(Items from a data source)
= = = = =

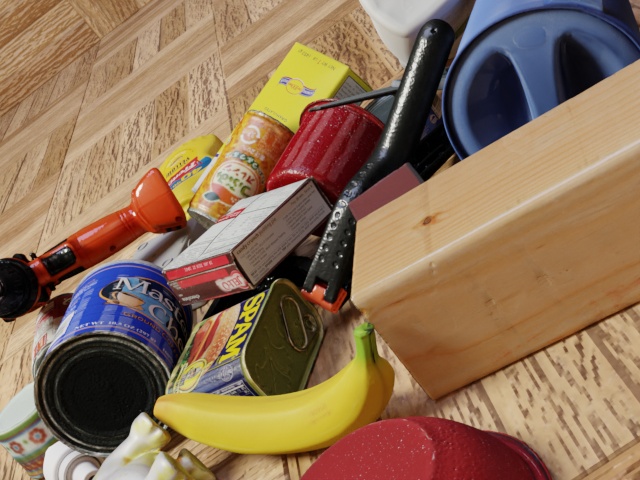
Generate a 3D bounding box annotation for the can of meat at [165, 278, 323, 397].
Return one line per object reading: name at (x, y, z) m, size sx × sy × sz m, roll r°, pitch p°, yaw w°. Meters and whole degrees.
can of meat at (-0.054, 0.085, 0.752) m, size 0.084 × 0.057 × 0.102 m, roll -27°, pitch 25°, yaw 33°

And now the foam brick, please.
foam brick at (0.064, -0.002, 0.708) m, size 0.053 × 0.078 × 0.051 m, roll -35°, pitch 22°, yaw 4°

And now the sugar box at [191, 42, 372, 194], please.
sugar box at (-0.039, -0.094, 0.997) m, size 0.176 × 0.048 × 0.093 m, roll -53°, pitch 42°, yaw -2°

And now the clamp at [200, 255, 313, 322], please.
clamp at (-0.049, 0.025, 0.879) m, size 0.120 × 0.039 × 0.171 m, roll -28°, pitch 24°, yaw 15°

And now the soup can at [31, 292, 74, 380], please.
soup can at (-0.228, 0.098, 0.976) m, size 0.068 × 0.068 × 0.102 m, roll -38°, pitch 23°, yaw 3°

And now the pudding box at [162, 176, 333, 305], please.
pudding box at (-0.055, 0.001, 0.825) m, size 0.090 × 0.039 × 0.113 m, roll -14°, pitch 25°, yaw 46°

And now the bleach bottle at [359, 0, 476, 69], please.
bleach bottle at (0.089, -0.190, 0.926) m, size 0.102 × 0.068 × 0.251 m, roll -43°, pitch -9°, yaw 0°

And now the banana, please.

= = = = =

__Aim of the task__
Exactly as written, set down each line of the records, leaving out the pictures.

__Response to this task__
Generate a 3D bounding box annotation for the can of meat at [165, 278, 323, 397].
Return one line per object reading: name at (x, y, z) m, size sx × sy × sz m, roll r°, pitch p°, yaw w°. Meters and whole degrees.
can of meat at (-0.054, 0.085, 0.752) m, size 0.084 × 0.057 × 0.102 m, roll -27°, pitch 25°, yaw 33°

And now the foam brick, please.
foam brick at (0.064, -0.002, 0.708) m, size 0.053 × 0.078 × 0.051 m, roll -35°, pitch 22°, yaw 4°

And now the sugar box at [191, 42, 372, 194], please.
sugar box at (-0.039, -0.094, 0.997) m, size 0.176 × 0.048 × 0.093 m, roll -53°, pitch 42°, yaw -2°

And now the clamp at [200, 255, 313, 322], please.
clamp at (-0.049, 0.025, 0.879) m, size 0.120 × 0.039 × 0.171 m, roll -28°, pitch 24°, yaw 15°

And now the soup can at [31, 292, 74, 380], please.
soup can at (-0.228, 0.098, 0.976) m, size 0.068 × 0.068 × 0.102 m, roll -38°, pitch 23°, yaw 3°

And now the pudding box at [162, 176, 333, 305], please.
pudding box at (-0.055, 0.001, 0.825) m, size 0.090 × 0.039 × 0.113 m, roll -14°, pitch 25°, yaw 46°

And now the bleach bottle at [359, 0, 476, 69], please.
bleach bottle at (0.089, -0.190, 0.926) m, size 0.102 × 0.068 × 0.251 m, roll -43°, pitch -9°, yaw 0°

And now the banana, please.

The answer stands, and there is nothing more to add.